Friday, January 11, 2008

Security, Call Centres and Fraud

Fraud, especially around identity theft, is one of the hot topics in the UK at the moment.

Obviously, the UK government department HM Revenue & Customs losing the data of 25 million people has made it a more commonly discussed topic than it was before. Then this week, anyone in the UK who still didn't think loss of personal data was serious now has the example of Jeremy Clarkson to consider. Clarkson (a television show host & newspaper columnist) was so sure that the impact of lost data was over-exaggerated that he published his bank account number and bank sort code in his weekly national newspaper column, claiming that there was nothing to fear. As is now reported, he did have something to worry about.
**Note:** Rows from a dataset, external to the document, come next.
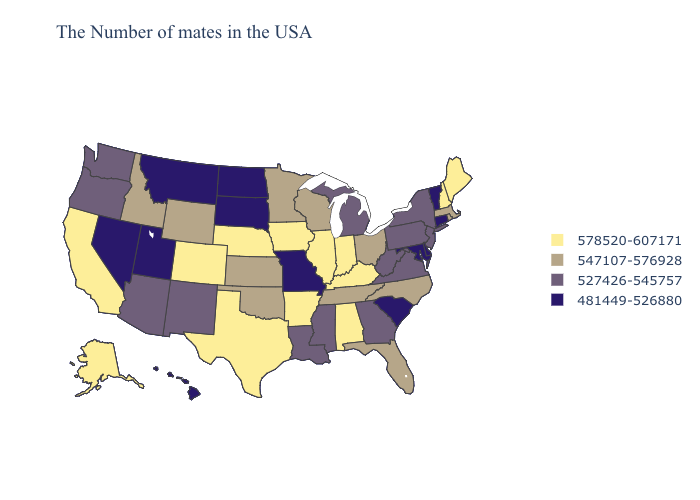Does Wisconsin have the same value as New Mexico?
Give a very brief answer. No. Does the map have missing data?
Give a very brief answer. No. Among the states that border Idaho , does Nevada have the highest value?
Write a very short answer. No. Does Washington have a higher value than Missouri?
Write a very short answer. Yes. Name the states that have a value in the range 578520-607171?
Concise answer only. Maine, New Hampshire, Kentucky, Indiana, Alabama, Illinois, Arkansas, Iowa, Nebraska, Texas, Colorado, California, Alaska. What is the lowest value in the West?
Give a very brief answer. 481449-526880. Which states hav the highest value in the South?
Write a very short answer. Kentucky, Alabama, Arkansas, Texas. What is the value of Kansas?
Answer briefly. 547107-576928. Name the states that have a value in the range 481449-526880?
Answer briefly. Vermont, Connecticut, Delaware, Maryland, South Carolina, Missouri, South Dakota, North Dakota, Utah, Montana, Nevada, Hawaii. Which states hav the highest value in the South?
Keep it brief. Kentucky, Alabama, Arkansas, Texas. Does Maryland have the lowest value in the South?
Concise answer only. Yes. Among the states that border Florida , does Georgia have the lowest value?
Keep it brief. Yes. Which states hav the highest value in the Northeast?
Quick response, please. Maine, New Hampshire. What is the value of Alabama?
Answer briefly. 578520-607171. Name the states that have a value in the range 481449-526880?
Concise answer only. Vermont, Connecticut, Delaware, Maryland, South Carolina, Missouri, South Dakota, North Dakota, Utah, Montana, Nevada, Hawaii.

One of the readers of his column used his details to set up a monthly £500 direct debit from his account, as the charity the British Diabetic association is one of the many organisations that does not require a signature when setting up a direct debit.

All of which is jolly good knockabout fun, but risks obscuring a more interesting and more serious story (and one more relevant to the European Contact Centre blog).

Also this week, in a less reported story, an identity fraudster managed to persuade Barclays call centre to issue a credit card to an existing customer called Marcus Agius. This identity fraudster then used the credit card to withdraw £10,000 pounds from a Barclays branch. The more startling point of this is that Marcus Agius is not any customer of Barclays but is the chairman of the bank and has been on the board since September 2006.

I'm not surprised that a call centre agent didn't recognise the chairman by name (though alarm bells should perhaps have rung when he found at the employer during the application process!), as new or junior staff may not be very interested in executives at that level. The two things that do stand out for me in the Barclays case are that firstly the card could be applied for and sent out to an address that was (at best) open to interception and (at worst) totally different from that used normally by an existing customer of the bank. The second is that security measures like passwords failed completely to verify the applicant.

Now you may assume that in a call centre environment verification will always be a problem when a physical signature can't be presented and you can't see the face of the applicant. This is not the case.

I've written previously about Natural Language and Automated Speech Recognition (for example "Speech market share - the role of non-European languages"), and identity verification by voice is a natural extension of this technology. The problem with passwords is that they verify what you know, not who you are. Should what you know not be only known to you, then that knowledge ceases to become verification as to who you are.

Voice prints, or similar techniques of deriving a unique identifier from a voice, offer a much better way of verifying identity. I've mostly had experience with IBM and Nuance in this field but lately I've been very taken with the approach of VoiceVault. VoiceVault do seem to have taken a purer security approach to the problem of voice verification and I rather like that. There do seem to be significant variations in how each vendor approaches the verification problem and so far (though this is early days), I've been very interested in how the different approaches produce results. All of these potentially work with voice portal technology (though I'm primarily interested in applying them with CVP, the Cisco Voice Portal).

The big advantage of voice portals is that they provide an environment where applications can be combined and hence you can have layers of security. So for example, it's unlikely that speaker verification alone would be adopted, even if it could achieve 99%+ rates of verification. Instead, a combination of password, speaker verification and other measures could be deployed relatively easily in a portal environment to provide layers of security. That way even if one security measure is defeated others are likely still to work.

Would speaker verification alone have been enough to prevent the Barclays situation? I doubt that it would have prevented the situation by itself, but it could have highlighted the anomaly of the situation to the agent, and could have triggered further security checks and processes. In the end good processes will provide the security, what technology can do is enhance them and make it harder for them to be defeated.

2 comments:

Anonymous said...

What about recording someone's voice and then using it for verification? Couldn't be too hard, so you are definitely right that relying on voice recognition only would be a big mistake.

Alex said...

Hi Linus,
Recording is certainly a risk, but generally the need to interact dynamically makes recording very difficult, unless you have a recording of all the speech options you need.

The risk is much greater if verifcation is only done on a single phrase or password, in which case recording would be a very real risk. Most of the speech recognition vendors say their technology can identify recording, but I feel the best defence is layers of security and processes, rather than a technology solution alone.